На самом деле, реальность художественного объекта есть не реальность вещи, но реальность силы: он не указует куда-то в пустоты абсолюта, но конкретно, осязательно перестраивает живую и близкую действительность; он не сообщает, но повелевает; это — точка приложения сил, узел энергий, призванных медленно преосуществлять плоть космоса.
Эта поэма, этот сонет — лишь развернутая заклинательная формула, какое-то единство и неповторимо найденное сопряжение смыслов, сочетание слов и ритмов, властное заклясть бытие, реально овладеть им.
Здесь становится понятным основной парадокс искусства: чем строже, чем устойчивей формула, тем многообразней и динамичней воздействие. Отсюда: неправота стремления внести текучесть, движение, многосмысленность в самую формулу (это коренная ложь всякого разнуздания слова, всякого романтизма). Темные и спутанные формулы если и способны призвать к жизни какие-то энергии, то неспособны направить их. Все романтики (в том числе наши символисты) подобны гетевскому ученику волшебника, что сумел вызвать духов, но не сумел повелевать ими: поэтому вызванная сила обернулась силой опасной и разрушительной.
Так обнаруживается правота классической концепции поэзии, поскольку строгость формы есть точность магической формулы, единственно нужной, и из которой должно быть исключено все, кроме неизбежного.

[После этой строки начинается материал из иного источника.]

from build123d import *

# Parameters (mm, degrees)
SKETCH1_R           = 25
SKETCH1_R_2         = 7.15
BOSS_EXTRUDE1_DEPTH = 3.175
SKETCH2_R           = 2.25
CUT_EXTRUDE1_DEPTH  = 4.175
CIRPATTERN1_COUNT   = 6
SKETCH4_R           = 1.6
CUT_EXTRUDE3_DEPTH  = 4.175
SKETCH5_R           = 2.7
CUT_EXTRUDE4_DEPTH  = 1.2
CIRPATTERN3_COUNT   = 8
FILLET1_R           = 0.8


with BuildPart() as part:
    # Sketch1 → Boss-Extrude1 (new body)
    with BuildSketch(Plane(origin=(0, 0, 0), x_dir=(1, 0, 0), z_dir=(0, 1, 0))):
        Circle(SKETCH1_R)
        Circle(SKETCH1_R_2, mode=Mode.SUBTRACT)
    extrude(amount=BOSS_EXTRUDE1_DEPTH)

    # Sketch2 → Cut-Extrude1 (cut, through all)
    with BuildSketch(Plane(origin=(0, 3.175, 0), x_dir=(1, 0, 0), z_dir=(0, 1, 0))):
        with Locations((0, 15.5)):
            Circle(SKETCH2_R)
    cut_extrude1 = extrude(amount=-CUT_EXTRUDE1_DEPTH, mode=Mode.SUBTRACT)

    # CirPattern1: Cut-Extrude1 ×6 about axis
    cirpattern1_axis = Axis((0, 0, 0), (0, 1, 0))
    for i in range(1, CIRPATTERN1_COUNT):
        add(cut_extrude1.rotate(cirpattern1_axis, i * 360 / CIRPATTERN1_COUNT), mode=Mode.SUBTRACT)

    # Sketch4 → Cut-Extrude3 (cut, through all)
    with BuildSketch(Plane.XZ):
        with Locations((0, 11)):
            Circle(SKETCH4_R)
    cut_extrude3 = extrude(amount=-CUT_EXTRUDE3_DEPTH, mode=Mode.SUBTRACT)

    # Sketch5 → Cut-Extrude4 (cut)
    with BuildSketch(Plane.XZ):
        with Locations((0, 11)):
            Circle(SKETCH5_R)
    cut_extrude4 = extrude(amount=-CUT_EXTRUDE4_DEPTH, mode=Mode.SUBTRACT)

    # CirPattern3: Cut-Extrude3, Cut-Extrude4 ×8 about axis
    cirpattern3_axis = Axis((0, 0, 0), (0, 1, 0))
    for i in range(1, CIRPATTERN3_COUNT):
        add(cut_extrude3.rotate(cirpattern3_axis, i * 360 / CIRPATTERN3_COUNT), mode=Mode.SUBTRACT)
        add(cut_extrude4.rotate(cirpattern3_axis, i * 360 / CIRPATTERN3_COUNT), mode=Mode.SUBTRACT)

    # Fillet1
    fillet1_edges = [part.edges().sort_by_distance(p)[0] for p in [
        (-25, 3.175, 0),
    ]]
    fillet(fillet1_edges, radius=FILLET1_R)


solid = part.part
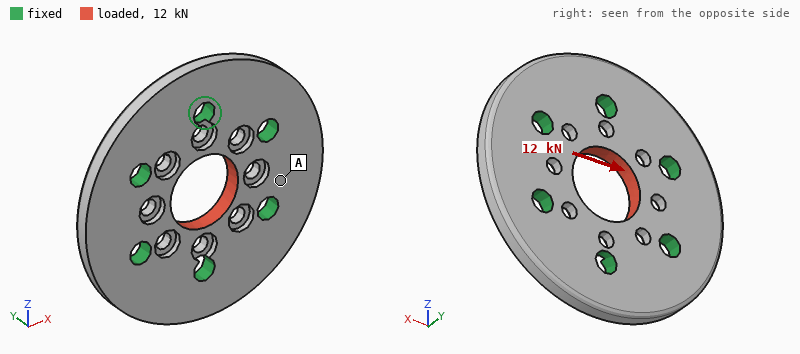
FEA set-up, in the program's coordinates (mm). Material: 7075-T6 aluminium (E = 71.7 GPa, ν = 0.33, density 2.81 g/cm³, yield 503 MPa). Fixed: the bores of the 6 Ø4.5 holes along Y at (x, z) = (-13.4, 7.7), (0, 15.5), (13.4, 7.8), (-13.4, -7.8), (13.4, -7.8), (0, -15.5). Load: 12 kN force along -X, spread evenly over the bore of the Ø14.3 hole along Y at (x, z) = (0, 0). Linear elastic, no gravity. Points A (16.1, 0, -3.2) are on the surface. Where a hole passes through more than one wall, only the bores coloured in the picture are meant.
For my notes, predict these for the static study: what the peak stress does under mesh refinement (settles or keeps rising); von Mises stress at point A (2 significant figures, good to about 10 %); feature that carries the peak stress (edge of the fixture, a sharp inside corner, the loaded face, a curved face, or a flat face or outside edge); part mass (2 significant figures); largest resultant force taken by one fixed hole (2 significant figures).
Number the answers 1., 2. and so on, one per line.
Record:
1. keeps rising
2. 31 MPa
3. a sharp inside corner
4. 14 g
5. 2.6 kN
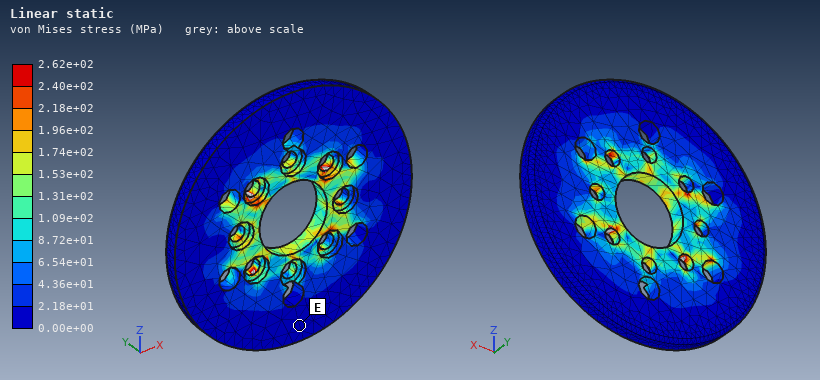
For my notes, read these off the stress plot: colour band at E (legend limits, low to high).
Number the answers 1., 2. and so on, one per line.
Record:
1. 0.00e+00 to 2.18e+01 MPa
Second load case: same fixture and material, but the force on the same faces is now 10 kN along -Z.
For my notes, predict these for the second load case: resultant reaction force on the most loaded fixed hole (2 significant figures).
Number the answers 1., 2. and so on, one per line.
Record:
1. 2.4 kN
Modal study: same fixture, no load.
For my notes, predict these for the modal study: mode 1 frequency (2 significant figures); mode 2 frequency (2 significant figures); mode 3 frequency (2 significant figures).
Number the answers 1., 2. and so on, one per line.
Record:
1. 25 kHz
2. 26 kHz
3. 26 kHz

Но в лживом неоклассицизме разных толков строгость формы сводится к скудости, а в лучшем случае — к приятной благоустроенности.
Человечество, женственное по своей сущности, ждет от искусства мужественного и оплодотворяющего насилия; ему не нужны утонченные игры мечтательных кастратов.
Вернуть поэзии ее действенную, заклинательную и эротическую природу — или ей не быть: такова дилемма, с неизбежностью предстоящая поэту.
Поль Валери — мыслитель
«Некоторые научные концепции и, в частности, математические построения, так прозрачны по своей структуре, что как будто не являются уже ничьим созданием. В них есть нечто нечеловеческое. Это заставляет нас предположить, что между различными видами человеческой деятельности — например, научной и художественной — существует та же коренная разделенность, как и между их продуктами. А между тем, все это лишь различные вариации некоего общего начала».
Так писал Валери 30 лет тому назад, размышляя о методе Леонардо да Винчи. Ему казалось, что Леонардо «нашел ту центральную точку, исходя из которой равно возможны акты познания и художественные построения».
Проблема творчества, — проблема рождения завершенного объекта (будь то поэма или математическая формула, все равно) из текучей и безразличной стихии мира — является основной и единственной темой теоретических исканий и художественных опытов Валери.
В юношеском «введении в метод Леонардо да Винчи» эта проблема еще не всецело различена от психологического анализа. Но в дальнейшем задача окончательно определяется как искание чистейших и неизбежных предпосылок всякого творчества как такового. Валери ищет этих предпосылок всюду: в поэме Лафонтена и в стратегическом трактате Драгомирова; в военной организации Мольтке и в церковном догмате «воскресения плоти»; в танце и математическом анализе; в мистике и геометрии.
Валери менее всего психолог: его задача конкретна и объективна. «Эксперимент, произведенный на границе всех познаний», — этими словами из «Вечера с г. Тестом» может быть определено все творчество Валери. Это не философская система и не художественное творчество, но именно эксперимент. И задача этого эксперимента: соединение анализа и экстаза (enchaÎner une analyse à une extase).
При этом не анализ и не экстаз сами по себе интересуют Валери, но именно возможность и условия их соединения.